GCHQ's secret hilltop site in Scarborough revealed as having pivotal role in Cuban missile crisis

Part of the fortified bunker at Scarborough, used by GCHQ. Photo taken during a visit by Prince Charles on July 30, 2014. - Getty Images Europe
Part of the fortified bunker at Scarborough, used by GCHQ. Photo taken during a visit by Prince Charles on July 30, 2014. - Getty Images Europe

The pivotal role in the Cuban missile crisis played by a secret outpost of GCHQ in Scarborough has been revealed.

The task of the tiny bunker on the North Yorkshire coast, described by staff as dank and often smelly, had been to monitor the Soviet Baltic fleet and merchant shipping in the northern hemisphere.

In 1962 this somewhat unglamorous job for Britain’s cyber spy agency was thrust into the centre of world affairs as tensions between the West and the Soviet Union threatened to escalate into nuclear war.

On October 16, 1962, US President John F Kennedy had been told the Soviet Union was secretly shipping nuclear missiles to Cuba, just 90 miles off America’s south eastern coast.

US forces established a naval blockade, preventing the arrival of any ships, but some Soviet vessels were already on their way to the island. Any confrontation between the two naval forces risked escalation into nuclear war.

The operators in the Scarborough bunker were able to intercept the Soviet ships reporting back their position and establish where they were heading.

"Traditionally just another task at the bottom of Scarborough's priority list, suddenly escalated to the very top priority for British intelligence," Tony Comer, GCHQ's historian told the BBC.

“Were the Soviets going to call Kennedy's bluff or not? Scarborough was the organisation that was able to say exactly where these vessels were, when they stopped sailing towards Cuba and when they turned around and headed back to the Soviet Union," Mr Comer added.

The role of the secret hilltop site overlooking the North Sea is the focus of the first part of a BBC Radio 4 series called The Secret History of GCHQ. It reveals how staff were strictly controlled for security purposes.

"The room was full of people, headphones on,” one veteran staff member explained. “Your role was to not miss a beat."

The current director of the base, like other staff, still only gives her first name to protect identities.

"If you wanted to go to the toilet, you had to put your hand up, somebody's got to come in and take your place," Sheila said.

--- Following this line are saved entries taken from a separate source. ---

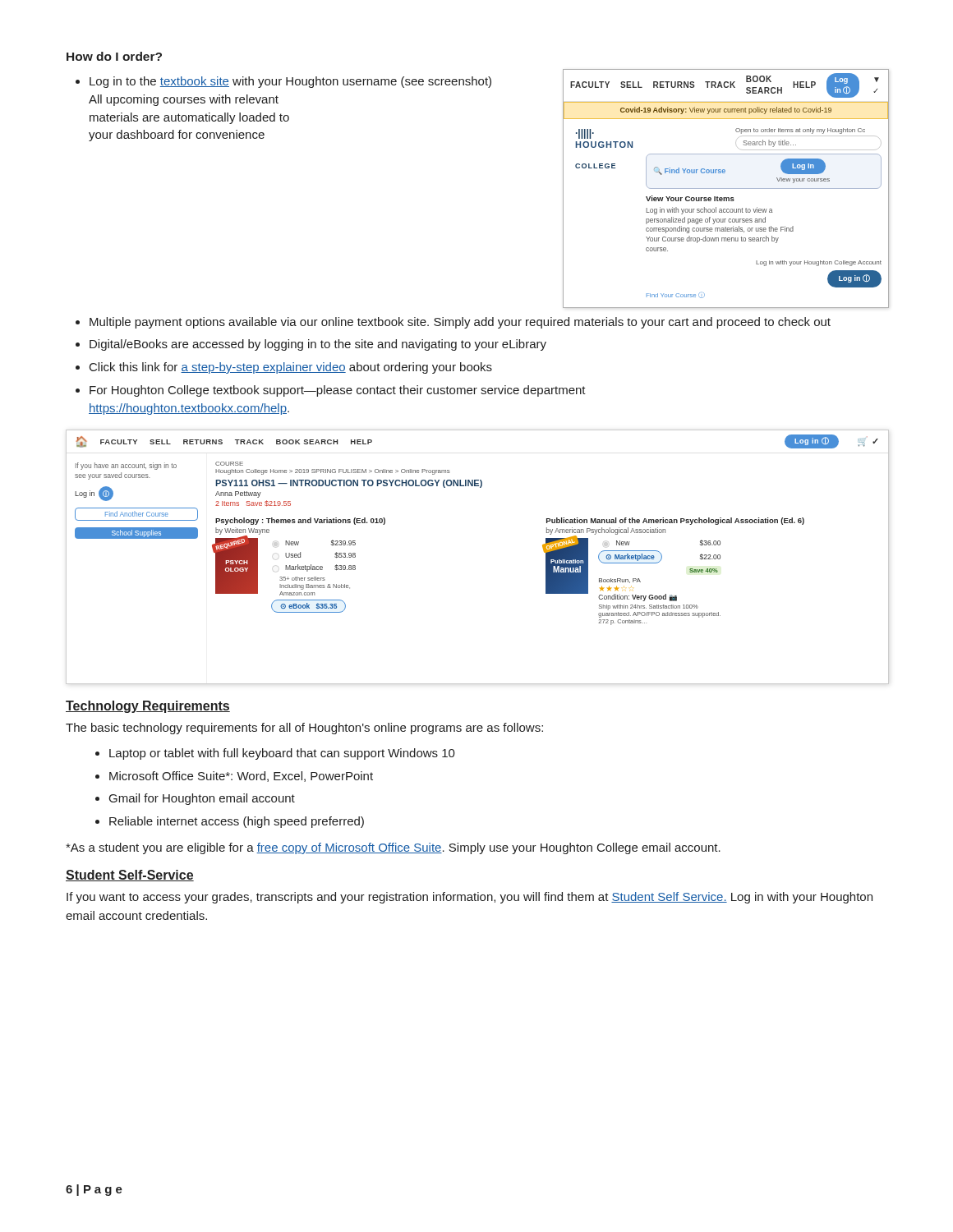953x1232 pixels.
Task: Locate the list item that reads "Laptop or tablet with full keyboard"
Action: click(x=282, y=753)
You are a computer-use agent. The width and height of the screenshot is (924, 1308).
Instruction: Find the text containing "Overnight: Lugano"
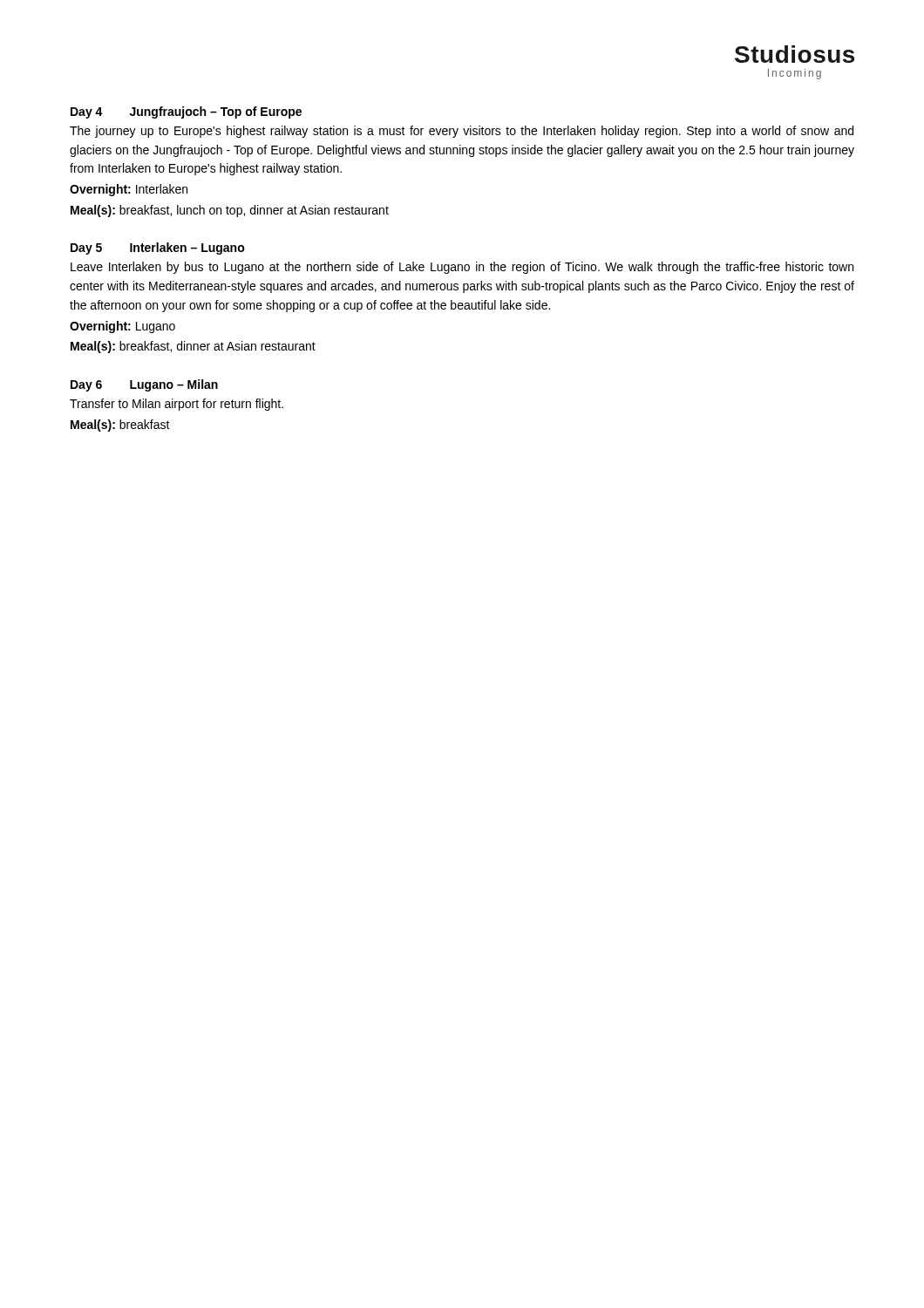[x=123, y=326]

Alongside the work at Scarborough, Britain made two further contributions that helped President Kennedy formulate his strategy during the crisis.

First, the British ambassador in Washington, David Ormsby-Gore, a close friend of President Kennedy, was accorded the unprecedented privilege of sitting in on sessions of the National Security Council.

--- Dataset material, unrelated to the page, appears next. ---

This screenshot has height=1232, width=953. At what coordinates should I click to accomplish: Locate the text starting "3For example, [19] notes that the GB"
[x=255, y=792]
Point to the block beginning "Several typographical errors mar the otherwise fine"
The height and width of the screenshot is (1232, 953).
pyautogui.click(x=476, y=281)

On October 23, he made a crucial suggestion: that the proposed "quarantine line" of the American naval blockade be modified from 800 miles to 500 miles off the Cuban coast. This notable British proposition would give the Soviet ships approaching from Europe more time to react, and provide Russian President Khrushchev with a face-saver.

The second British contribution was revealed in 1993 when government documents were released under the 30-year rule.

They showed that at the height of the crisis, Prime Minister Harold Macmilan had offered to give up some of Britain’s nuclear weapons in exchange for Soviet withdrawal of missiles from Cuba.

“I feel sure that a long period of blockade, and possibly a Russian reaction in the Caribbean or elsewhere, will lead us nowhere,” Macmillan had said in a personal telegram to David Ormsby-Gore on the day the US imposed a naval blockade.

The declassified papers revealed a personal note from Macmillan to Kennedy in which he had said: “I put the proposal that it might be helpful to save the Russians' face if we undertake during the same period (that Soviet missiles are withdrawn) to allow the immobilization of our Thor missiles, of which there are 60, under UN supervision”.

The offer was not taken up.

The crisis was resolved when President Khrushchev "blinked". He sent a telegram proposing that, if America would promise not to invade Cuba, he would pull out the missiles. It was, in Macmillan's opinion, "a complete capitulation".

The GCHQ base at Scarborough was established just before the First World War because its position was ideal to intercept German naval radio signals in the North Sea.

During the Second World War it helped locate German U-boats in the Atlantic and shifted its focus to monitoring Soviet communications in the years of the Cold War. It is still a functioning GCHQ location.

Part one of The Secret History of GCHQ is on BBC Radio 4 on Monday October 21 at 20:00 BST and on BBC Sounds.